Hypervision viserait 2026 pour rendre ses produits prêts pour une production de masse. Aujourd’hui, les systèmes sont fabriqués de manière artisanale et sur mesure, ce qui explique des coûts élevés.
L’objectif annoncé : créer des « reference designs », des conceptions de référence industrialisables, destinées à être intégrées par des fabricants de casques, comme cela a déjà été le cas avec Lynx.
Hypervision sollicite aussi la communauté XR : développeurs et profils techniques peuvent répondre à un sondage sur son site afin d’orienter des designs plus alignés avec les besoins réels de l’écosystème.
- Reference design : base technique réutilisable par des industriels
- Écosystème XR : fabricants, studios, développeurs, intégrateurs
- Passage du prototype au produit : enjeu majeur de fiabilité et coût
Impacts métiers : pourquoi un FOV plus large change la formation et l’opérationnel :
Un FOV élargi ne sert pas seulement à « faire plus spectaculaire ». En contexte professionnel, il peut influencer la perception des risques, la précision des gestes et la sensation d’être vraiment sur site.
Imaginez un module VR de formation QHSE : un opérateur doit surveiller une zone de circulation. Avec une périphérie plus crédible, il détecte plus naturellement un danger latéral sans tourner la tête en permanence.
Imaginez une simulation de maintenance : outillage, câbles, pièces au sol. Une meilleure perception périphérique peut aider à garder les repères spatiaux, limiter les hésitations et réduire les erreurs de manipulation.
- Formation sécurité : vigilance latérale, scénarios plus réalistes
- Industrie : gestes précis, repères spatiaux, réduction de la charge cognitive
- Commerce/événementiel : sensation « dedans », pas « devant » la scène
Comment explorations360 s’inscrit dans cette dynamique
Même si le FOV dépend du matériel, la valeur se joue aussi dans la capacité à produire et déployer vite des contenus utiles.

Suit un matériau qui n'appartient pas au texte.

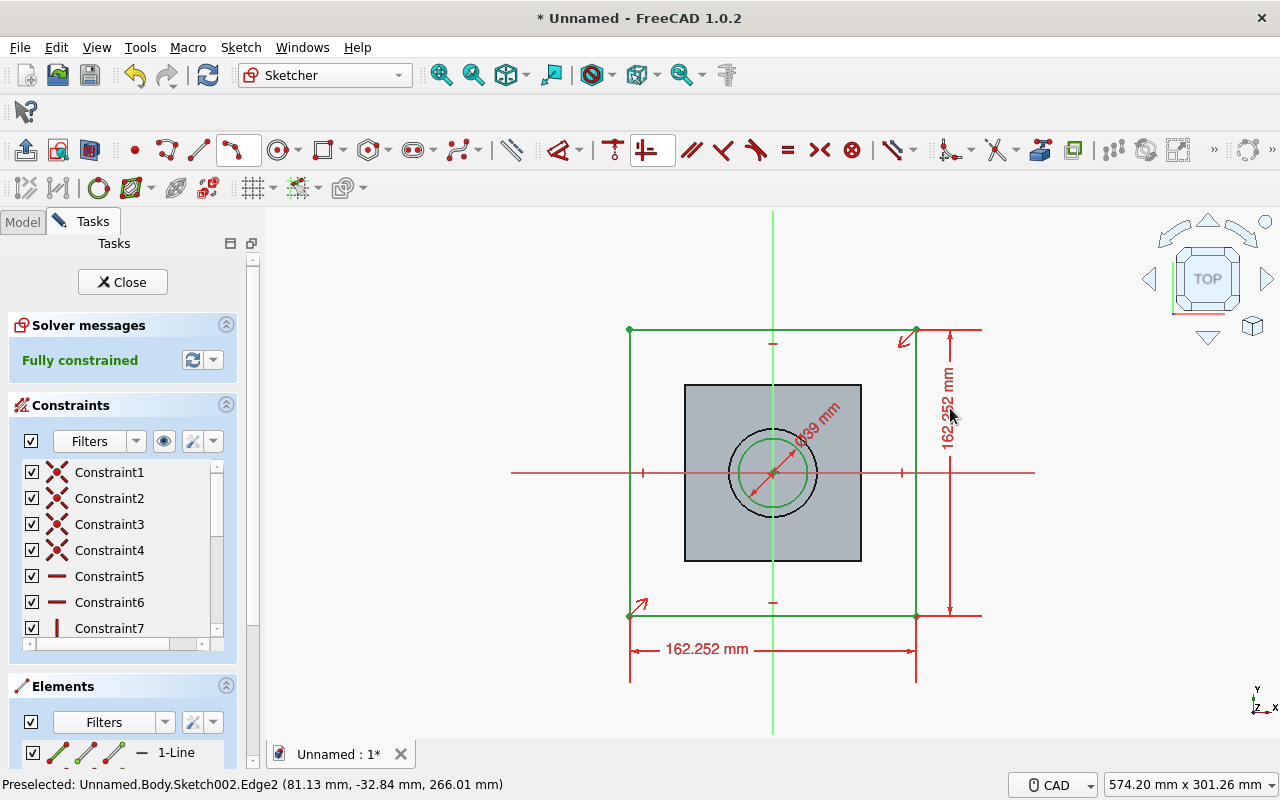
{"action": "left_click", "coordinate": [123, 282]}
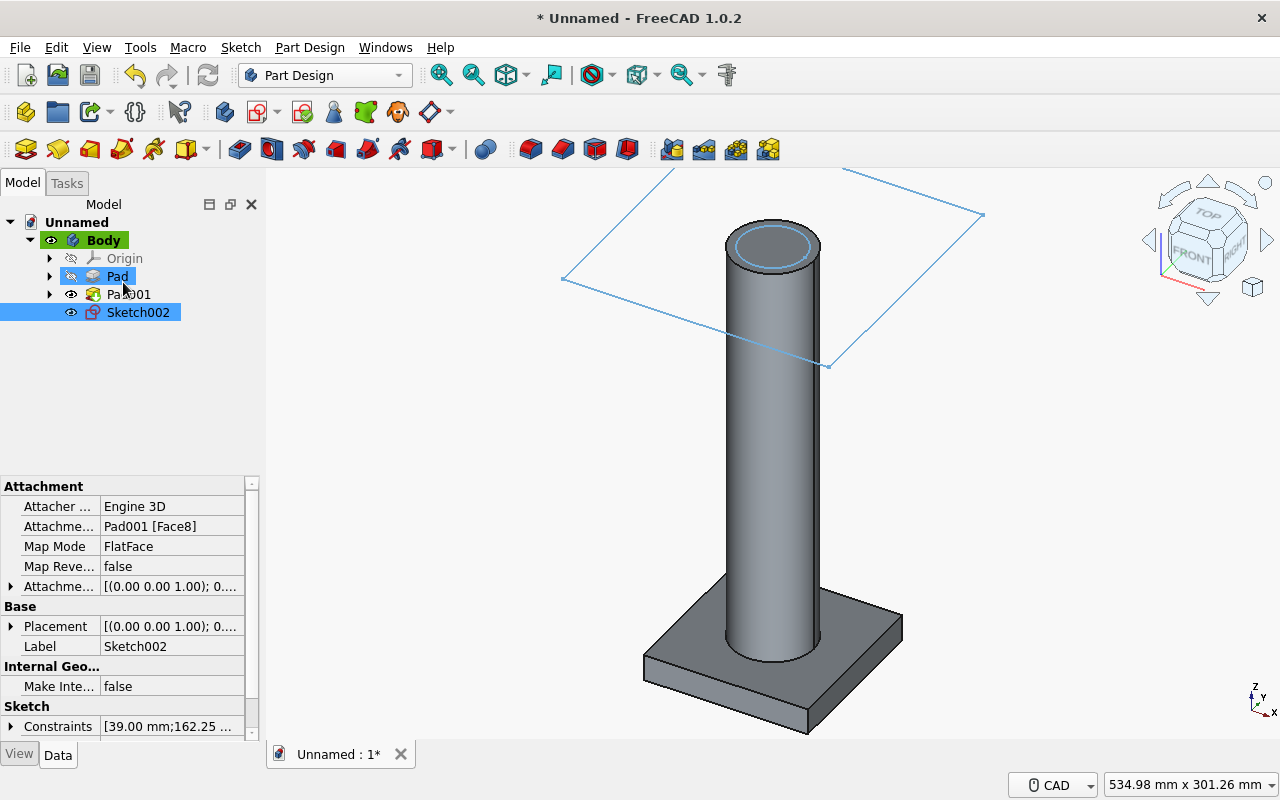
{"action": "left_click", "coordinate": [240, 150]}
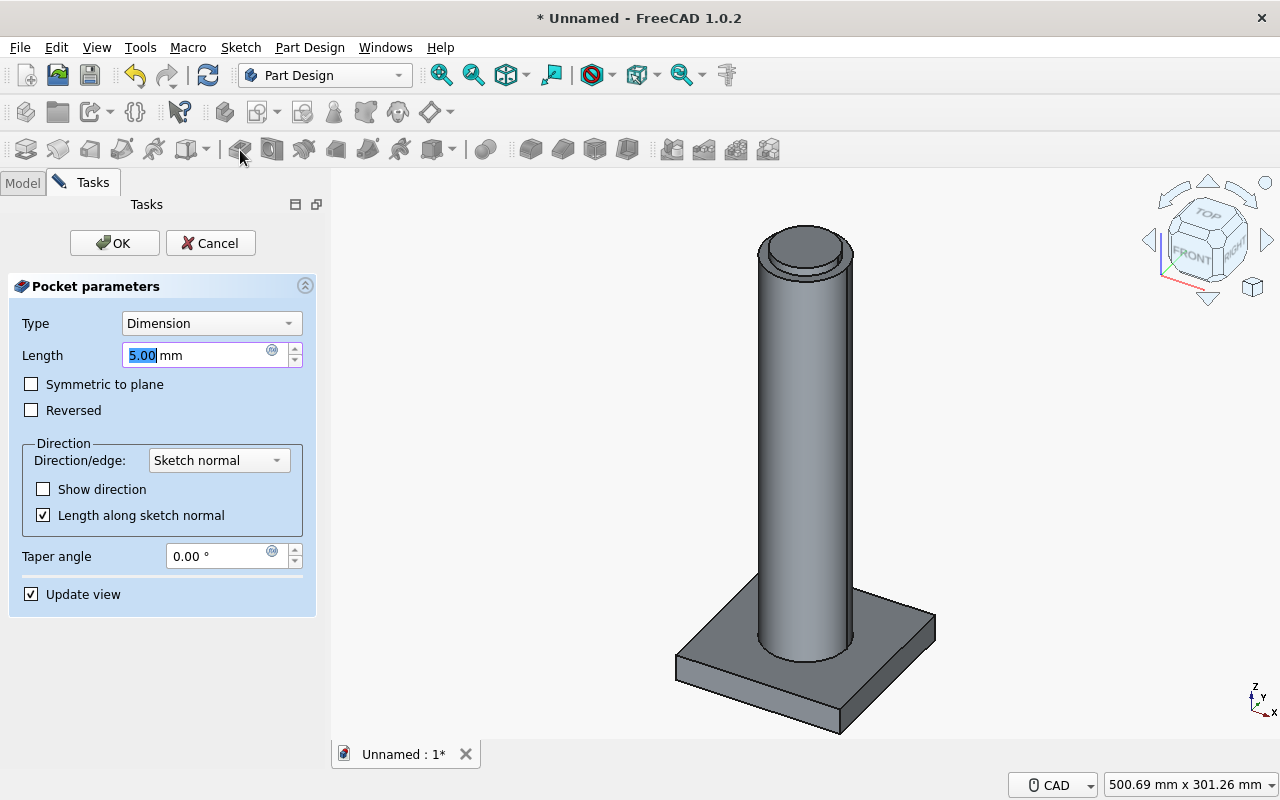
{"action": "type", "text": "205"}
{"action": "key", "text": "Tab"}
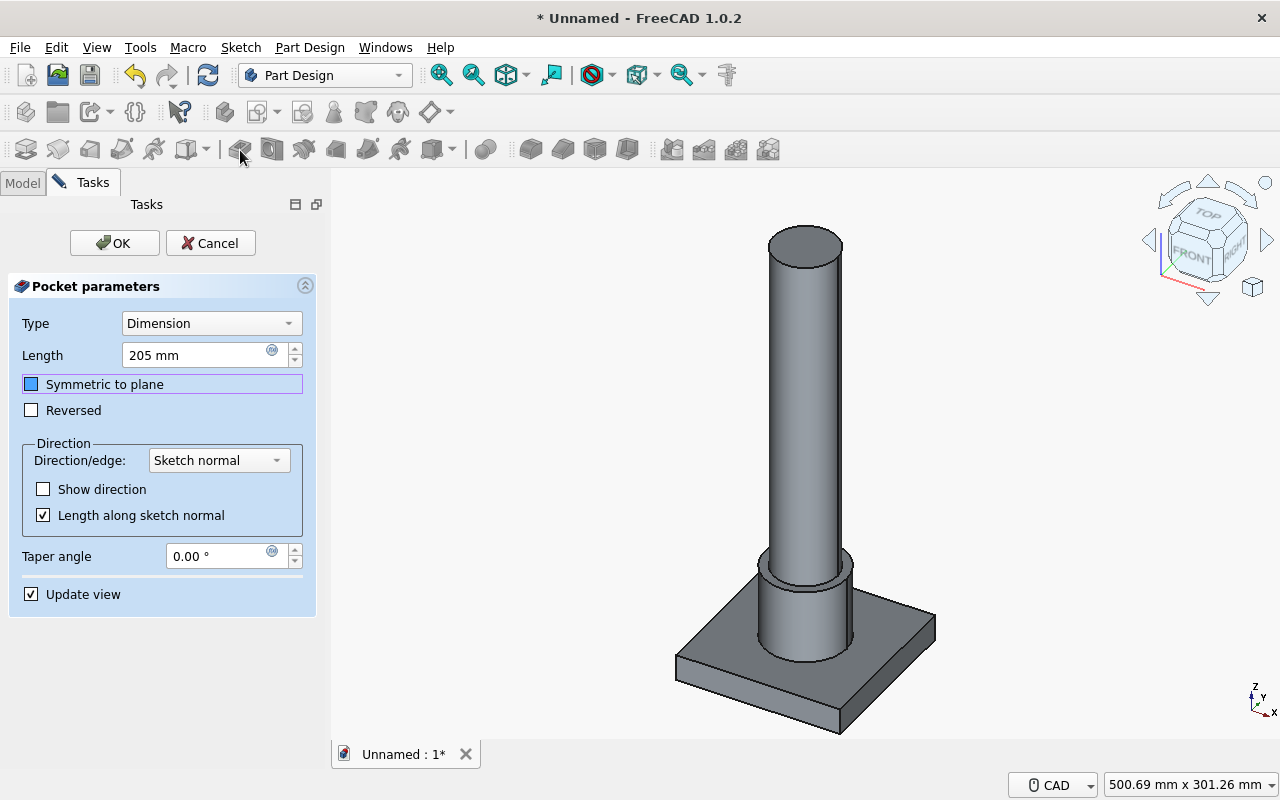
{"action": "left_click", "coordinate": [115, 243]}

C’est là que des approches no-code prennent tout leur sens pour les équipes terrain.
Avec explorations360, des parcours immersifs peuvent être créés sans développement via easystory360, en capitalisant sur des scènes 360° et des interactions. Les quiz VR permettent d’évaluer l’acquisition, pas seulement l’effet waouh.
Pour les déploiements, easybox360 et easykiosk360 facilitent la diffusion et l’exploitation sur site, y compris dans des contextes événementiels, retail ou formation. Le pilotage par tablette aide à encadrer les sessions.
Côté formation structurée, l’intégration à un LMS permet de suivre les parcours, les résultats et la progression. Et sur des usages santé ou accompagnement, easycare360 s’insère naturellement dans une logique d’expérience guidée.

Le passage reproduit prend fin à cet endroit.